The clinical trial of the new Crown inactivated vaccine of Wuhan Institute of Biological Products is a randomized, double-blind, placebo-controlled Phase I/II clinical study. On April 12, the new Crown inactivated vaccine was the first in the world to obtain a clinical trial approval document, and the phase I/II clinical trial was launched simultaneously in Wuzhi county, Henan province.
This clinical trial has been fighting for 66 consecutive days, for the first time in the world, the safety and effectiveness data of the new Crown inactivated vaccine after 2-needle inoculation have been obtained, and the research results of different ages, different procedures, different doses and different needle times have been obtained, all have relatively complete presentation.
This is by far the longest, the most comprehensive data, the most ideal effect of the new Crown vaccine clinical research results, for China’s epidemic prevention and control and emergency use to provide scientific and evaluable data.
The purpose of this study is to evaluate the safety and immunogenicity of the new Crown inactivated vaccine in healthy subjects aged 18-59 years after inoculation according to low, medium and high doses and different procedures of 0,14, 0,21 and 0,28, focus on the changes of cellular immunity after vaccination, and explore the change trend of immune program, immune dose, safety, immunogenicity and antibody level in vivo.
Up to now, a total of 1120 subjects in Phase I/II clinical studies have completed 2 injections.

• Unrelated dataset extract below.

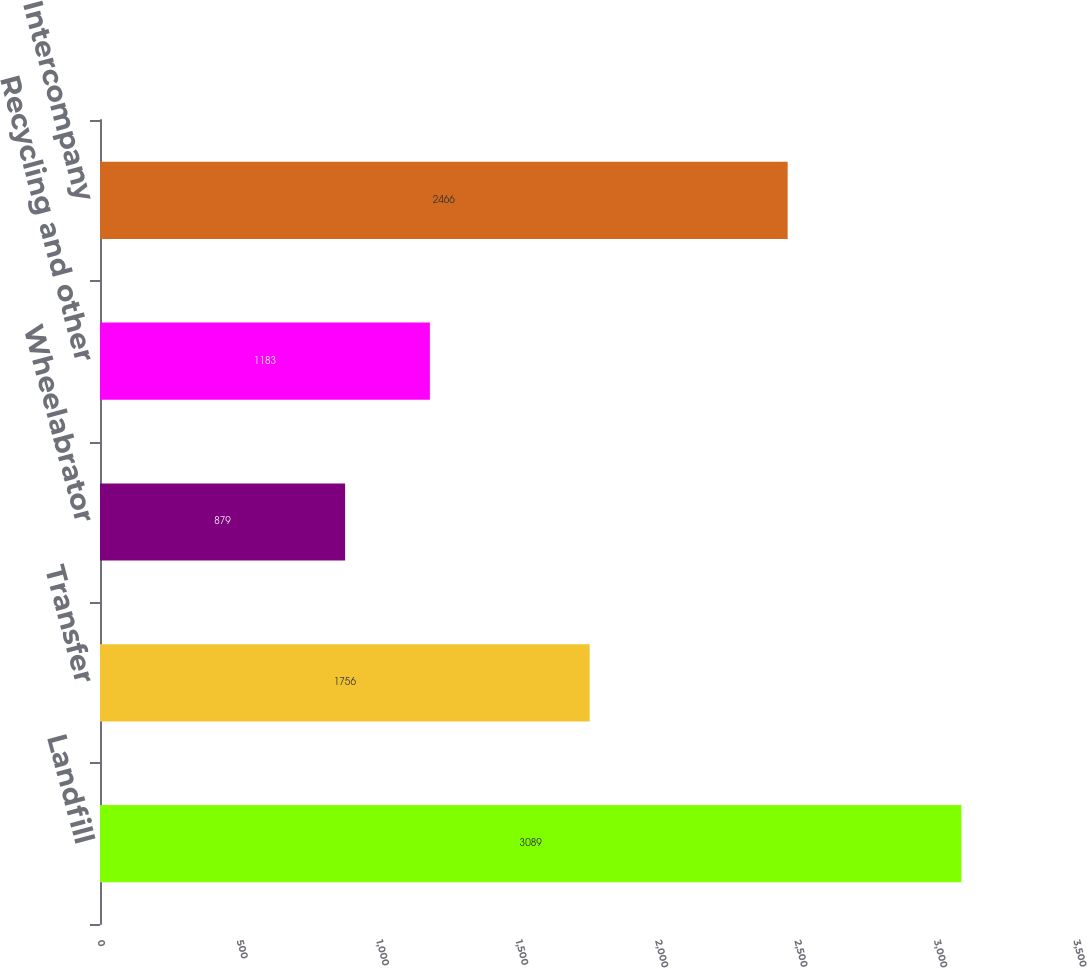Convert chart. <chart><loc_0><loc_0><loc_500><loc_500><bar_chart><fcel>Landfill<fcel>Transfer<fcel>Wheelabrator<fcel>Recycling and other<fcel>Intercompany<nl><fcel>3089<fcel>1756<fcel>879<fcel>1183<fcel>2466<nl></chart>

The clinical trial scheme has been carefully designed, and the process of uncovering the blind strictly follows the scientificity and preciseness. The results are encouraging, and it is safe and effective after vaccination. The subjects in the vaccinated group all produce high titer antibodies, in the 18-59-year-old group, the neutralizing antibody positive conversion rate reached 0,14 after inoculation according to the 0,21-Day and 97.6%-day procedures, and the neutralizing antibody positive conversion rate reached 0,28 after inoculation according to the 100%-day procedures.